§ **Records supplied**
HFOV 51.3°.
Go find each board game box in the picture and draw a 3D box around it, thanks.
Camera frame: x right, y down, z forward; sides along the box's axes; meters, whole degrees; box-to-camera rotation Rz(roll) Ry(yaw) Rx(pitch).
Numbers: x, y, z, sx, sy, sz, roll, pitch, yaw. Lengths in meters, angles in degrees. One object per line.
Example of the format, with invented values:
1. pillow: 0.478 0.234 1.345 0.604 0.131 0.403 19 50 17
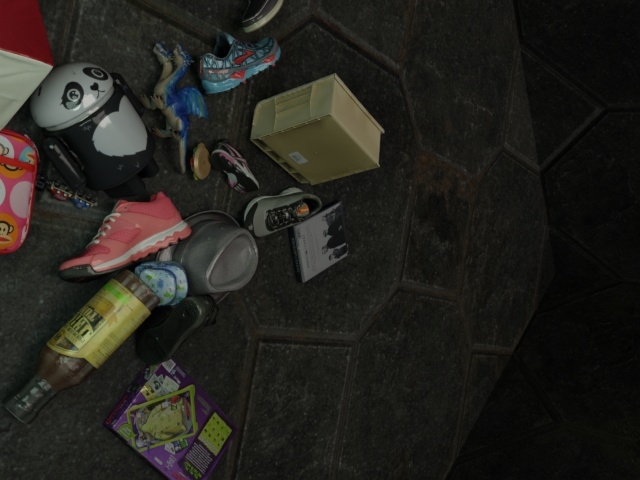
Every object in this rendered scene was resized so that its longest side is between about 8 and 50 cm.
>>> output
1. board game box: -0.348 0.449 1.606 0.208 0.056 0.347 -59 136 -34

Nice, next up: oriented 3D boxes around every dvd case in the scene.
1. dvd case: 0.000 0.000 1.995 0.238 0.029 0.179 -29 118 -45

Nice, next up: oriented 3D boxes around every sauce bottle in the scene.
1. sauce bottle: -0.474 0.210 1.325 0.344 0.111 0.111 -49 132 -21

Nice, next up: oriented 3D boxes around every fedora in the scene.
1. fedora: -0.250 0.055 1.607 0.275 0.124 0.244 -36 122 -43

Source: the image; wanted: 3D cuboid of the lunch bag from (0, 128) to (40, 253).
1. lunch bag: -0.630 -0.116 1.111 0.293 0.120 0.258 14 79 -51

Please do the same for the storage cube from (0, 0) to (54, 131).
1. storage cube: -0.562 -0.313 1.043 0.183 0.215 0.193 11 50 -52

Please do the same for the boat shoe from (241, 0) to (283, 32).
1. boat shoe: -0.138 -0.638 1.672 0.092 0.102 0.285 49 54 -37

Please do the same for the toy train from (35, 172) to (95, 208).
1. toy train: -0.516 -0.097 1.322 0.158 0.027 0.036 28 77 -50

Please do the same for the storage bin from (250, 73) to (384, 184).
1. storage bin: -0.008 -0.279 1.766 0.262 0.260 0.123 38 49 -48

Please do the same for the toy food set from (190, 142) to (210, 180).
1. toy food set: -0.287 -0.187 1.593 0.082 0.020 0.083 -63 151 -55

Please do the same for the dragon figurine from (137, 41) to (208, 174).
1. dragon figurine: -0.314 -0.298 1.503 0.144 0.085 0.289 -46 128 -37

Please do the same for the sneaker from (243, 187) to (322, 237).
1. sneaker: -0.103 -0.078 1.789 0.271 0.108 0.100 -29 119 -45

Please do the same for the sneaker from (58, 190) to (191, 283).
1. sneaker: -0.428 -0.011 1.411 0.314 0.116 0.136 -30 98 -45

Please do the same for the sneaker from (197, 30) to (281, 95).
1. sneaker: -0.195 -0.455 1.619 0.262 0.104 0.125 -46 127 -38

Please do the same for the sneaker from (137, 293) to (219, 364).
1. sneaker: -0.312 0.198 1.507 0.087 0.227 0.130 51 23 13

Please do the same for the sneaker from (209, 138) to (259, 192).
1. sneaker: -0.206 -0.190 1.675 0.178 0.072 0.077 53 37 -51

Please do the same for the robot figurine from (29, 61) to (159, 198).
1. robot figurine: -0.431 -0.210 1.293 0.173 0.209 0.278 -28 127 0

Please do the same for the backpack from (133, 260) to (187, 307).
1. backpack: -0.353 0.099 1.478 0.114 0.084 0.105 -3 99 -17
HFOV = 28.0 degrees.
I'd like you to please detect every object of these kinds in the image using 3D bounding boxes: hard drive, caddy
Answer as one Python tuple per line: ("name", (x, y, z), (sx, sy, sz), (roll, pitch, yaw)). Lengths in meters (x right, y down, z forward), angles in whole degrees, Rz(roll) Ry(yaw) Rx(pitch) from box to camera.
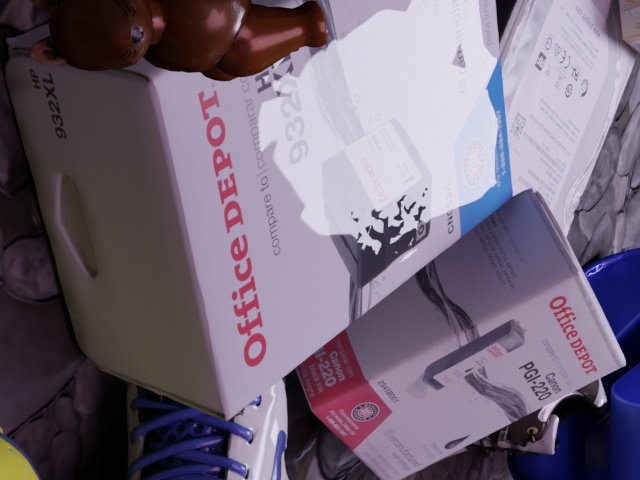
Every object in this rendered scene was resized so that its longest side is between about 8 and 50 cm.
("hard drive", (0.162, -0.084, 1.102), (0.237, 0.064, 0.339), (31, 81, -53))
("caddy", (0.329, 0.152, 1.272), (0.341, 0.241, 0.179), (-34, 123, -39))

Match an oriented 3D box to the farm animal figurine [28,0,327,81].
("farm animal figurine", (-0.121, -0.218, 0.491), (0.172, 0.327, 0.330), (-15, 126, -12))

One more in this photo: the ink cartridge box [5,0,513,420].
("ink cartridge box", (-0.019, -0.068, 0.812), (0.307, 0.129, 0.223), (-35, 128, -39))

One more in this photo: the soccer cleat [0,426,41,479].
("soccer cleat", (-0.219, 0.124, 0.698), (0.121, 0.093, 0.289), (-78, 153, -50))

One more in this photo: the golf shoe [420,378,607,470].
("golf shoe", (0.158, 0.159, 1.122), (0.198, 0.094, 0.077), (-34, 152, 2))

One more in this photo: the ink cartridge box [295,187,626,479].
("ink cartridge box", (0.104, 0.078, 0.972), (0.218, 0.092, 0.158), (-30, 141, 7))

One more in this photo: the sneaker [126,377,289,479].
("sneaker", (-0.088, 0.171, 0.803), (0.315, 0.127, 0.182), (-52, 136, -74))

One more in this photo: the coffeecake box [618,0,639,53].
("coffeecake box", (0.319, -0.257, 1.166), (0.142, 0.068, 0.185), (16, 67, -55))
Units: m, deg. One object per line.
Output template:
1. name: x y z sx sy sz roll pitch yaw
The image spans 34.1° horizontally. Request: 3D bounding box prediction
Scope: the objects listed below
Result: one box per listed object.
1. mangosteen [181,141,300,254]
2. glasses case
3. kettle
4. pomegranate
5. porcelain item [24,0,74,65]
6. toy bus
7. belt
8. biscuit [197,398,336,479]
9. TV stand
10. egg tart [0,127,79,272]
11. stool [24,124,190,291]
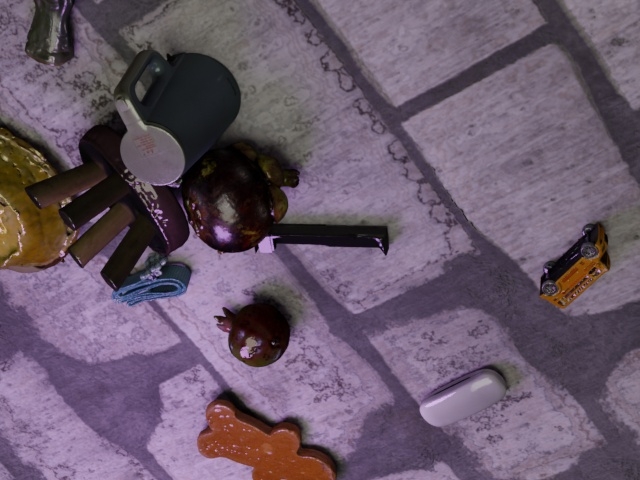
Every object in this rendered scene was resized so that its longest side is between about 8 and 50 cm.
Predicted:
1. mangosteen: -0.140 -0.083 1.888 0.217 0.192 0.192 -24 123 -20
2. glasses case: 0.286 0.318 2.104 0.193 0.049 0.074 -33 109 29
3. kettle: -0.255 -0.224 1.774 0.159 0.243 0.211 -11 118 21
4. pomegranate: -0.133 0.176 2.093 0.159 0.129 0.129 50 135 34
5. porcelain item: -0.464 -0.415 1.808 0.081 0.069 0.216 26 127 12
6. toy bus: 0.462 0.047 1.866 0.074 0.070 0.162 33 126 -9
7. belt: -0.353 0.080 2.111 0.179 0.065 0.100 -17 127 24
8. biscuit: -0.114 0.464 2.308 0.323 0.049 0.205 22 127 0
9. TV stand: 0.000 0.000 1.975 0.256 0.040 0.049 2 123 14
10. egg tart: -0.647 -0.058 2.058 0.345 0.132 0.345 6 122 9
11. stool: -0.383 -0.056 1.886 0.272 0.178 0.272 42 160 19
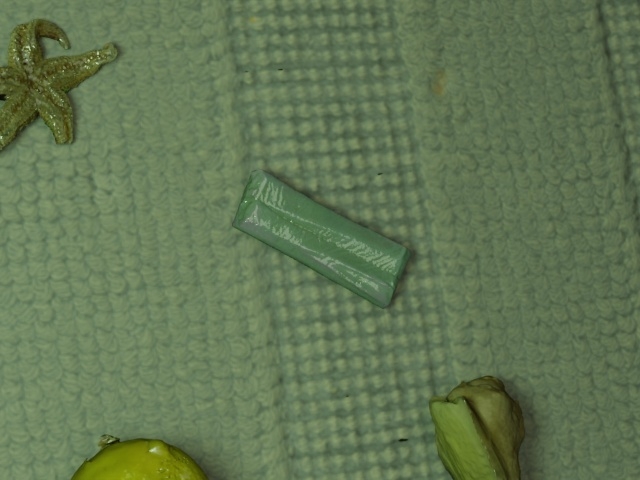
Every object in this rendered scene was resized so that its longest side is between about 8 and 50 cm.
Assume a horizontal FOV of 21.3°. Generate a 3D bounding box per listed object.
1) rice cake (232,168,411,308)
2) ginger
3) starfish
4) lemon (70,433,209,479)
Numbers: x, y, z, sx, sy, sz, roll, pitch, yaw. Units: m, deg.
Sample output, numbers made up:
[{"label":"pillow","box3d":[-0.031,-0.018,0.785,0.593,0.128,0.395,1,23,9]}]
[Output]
[{"label":"rice cake","box3d":[-0.001,-0.001,2.039,0.221,0.042,0.080,28,76,-14]},{"label":"ginger","box3d":[0.209,0.255,2.039,0.122,0.115,0.193,-27,101,-39]},{"label":"starfish","box3d":[-0.323,-0.177,1.949,0.209,0.053,0.150,-28,95,-24]},{"label":"lemon","box3d":[-0.193,0.311,1.839,0.173,0.173,0.206,-18,106,-22]}]

§ **Your instructions**
What belongs in the answer is each line of the data that has the word "bounding".

§ **Solution below**
I'd like you to please detect every object of these kinds in the image using 3D bounding boxes: hard drive, caddy
The image spans 34.1° horizontally. Request: 3D bounding box prediction
Assume a horizontal FOV of 21.3°. Generate a 3D bounding box per listed object.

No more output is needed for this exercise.